[WORK TASK]:
Every record that follows should be copied exactly. No picture belongs in the copy.

[WORKING DATA]:
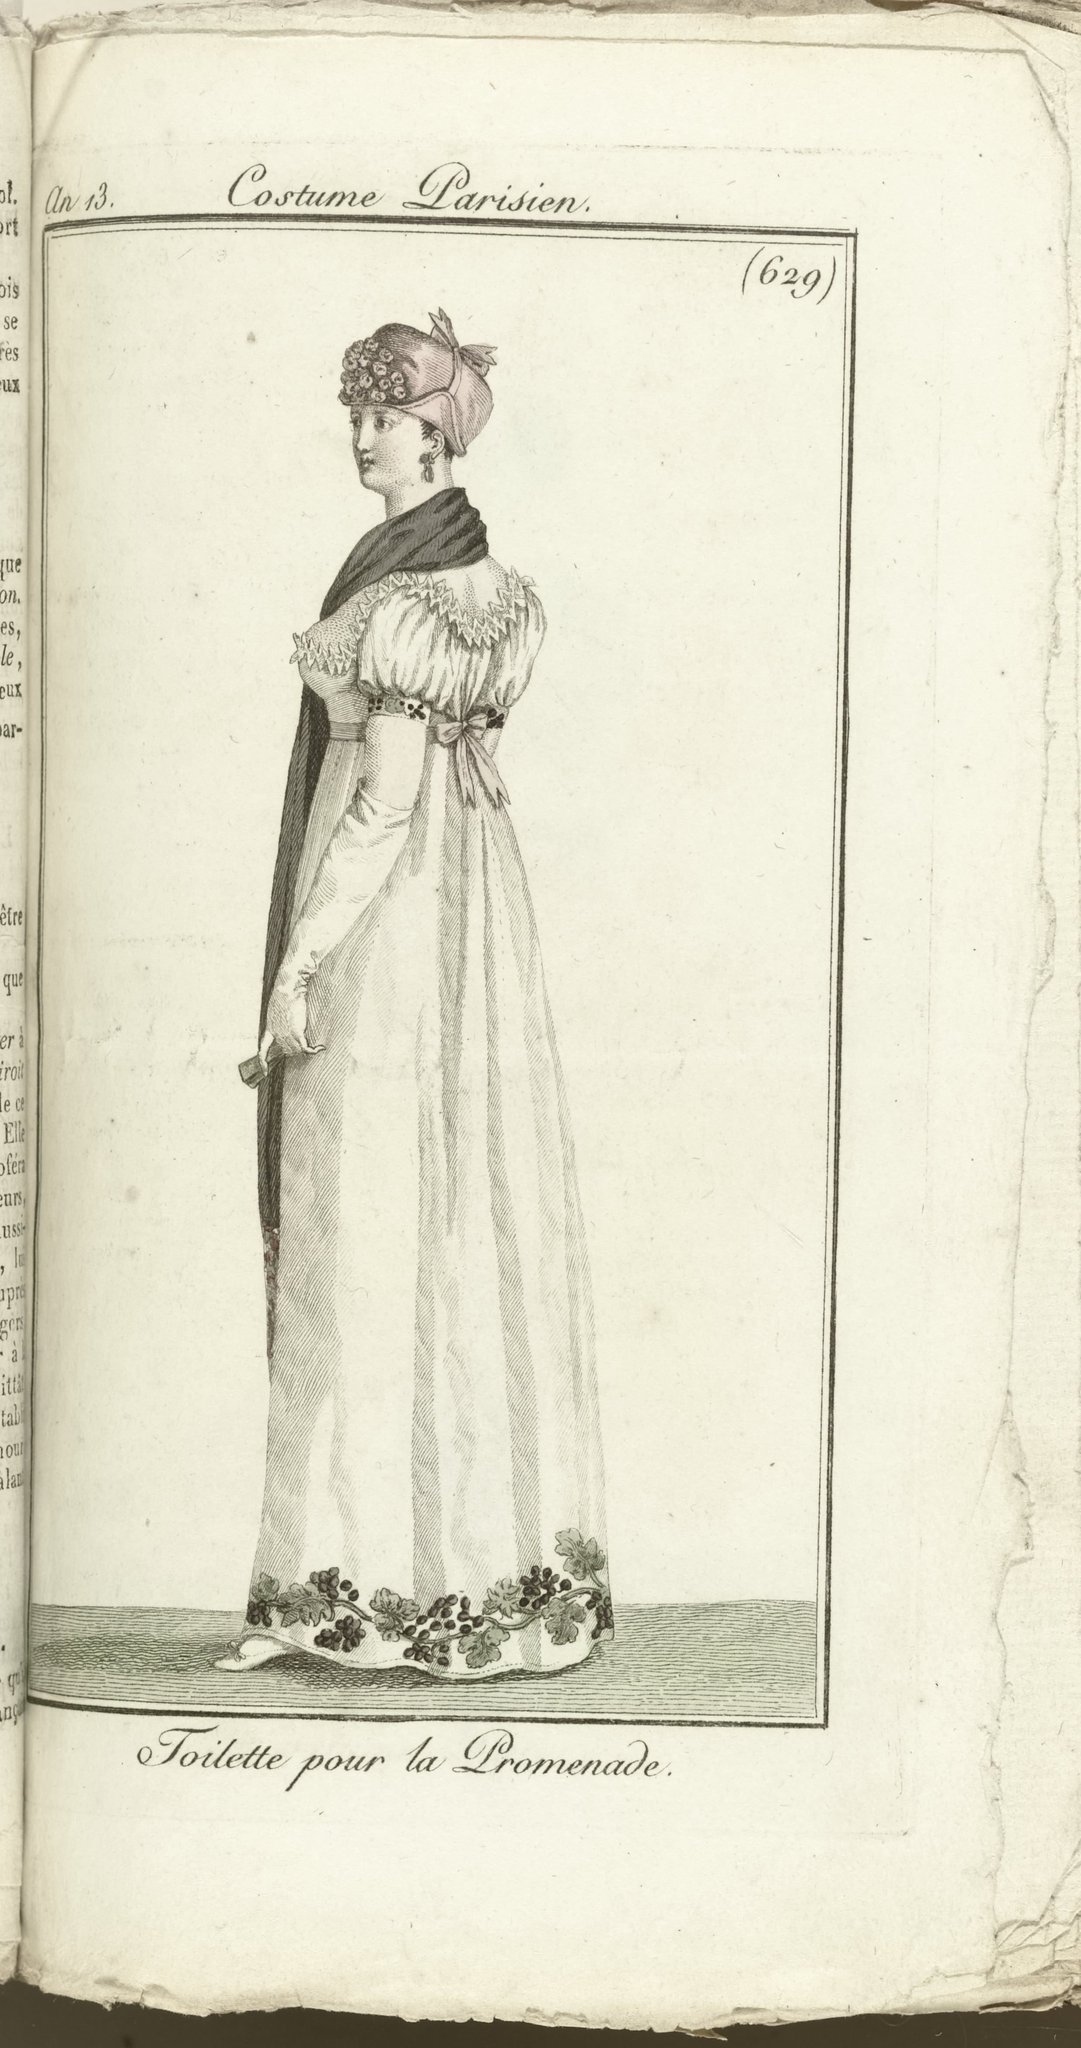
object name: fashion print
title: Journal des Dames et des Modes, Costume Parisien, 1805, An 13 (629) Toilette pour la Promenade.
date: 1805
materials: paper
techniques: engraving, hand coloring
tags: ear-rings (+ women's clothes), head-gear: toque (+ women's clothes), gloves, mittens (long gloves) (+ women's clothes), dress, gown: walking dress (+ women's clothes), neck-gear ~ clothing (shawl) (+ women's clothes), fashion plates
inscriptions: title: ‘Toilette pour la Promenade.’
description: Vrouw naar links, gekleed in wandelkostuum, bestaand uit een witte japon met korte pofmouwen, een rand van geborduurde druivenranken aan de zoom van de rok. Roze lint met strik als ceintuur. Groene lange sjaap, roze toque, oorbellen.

[EXPECTED OUTPUT]:
object name: fashion print
title: Journal des Dames et des Modes, Costume Parisien, 1805, An 13 (629) Toilette pour la Promenade.
date: 1805
materials: paper
techniques: engraving, hand coloring
tags: ear-rings (+ women's clothes), head-gear: toque (+ women's clothes), gloves, mittens (long gloves) (+ women's clothes), dress, gown: walking dress (+ women's clothes), neck-gear ~ clothing (shawl) (+ women's clothes), fashion plates
inscriptions: title: ‘Toilette pour la Promenade.’
description: Vrouw naar links, gekleed in wandelkostuum, bestaand uit een witte japon met korte pofmouwen, een rand van geborduurde druivenranken aan de zoom van de rok. Roze lint met strik als ceintuur. Groene lange sjaap, roze toque, oorbellen.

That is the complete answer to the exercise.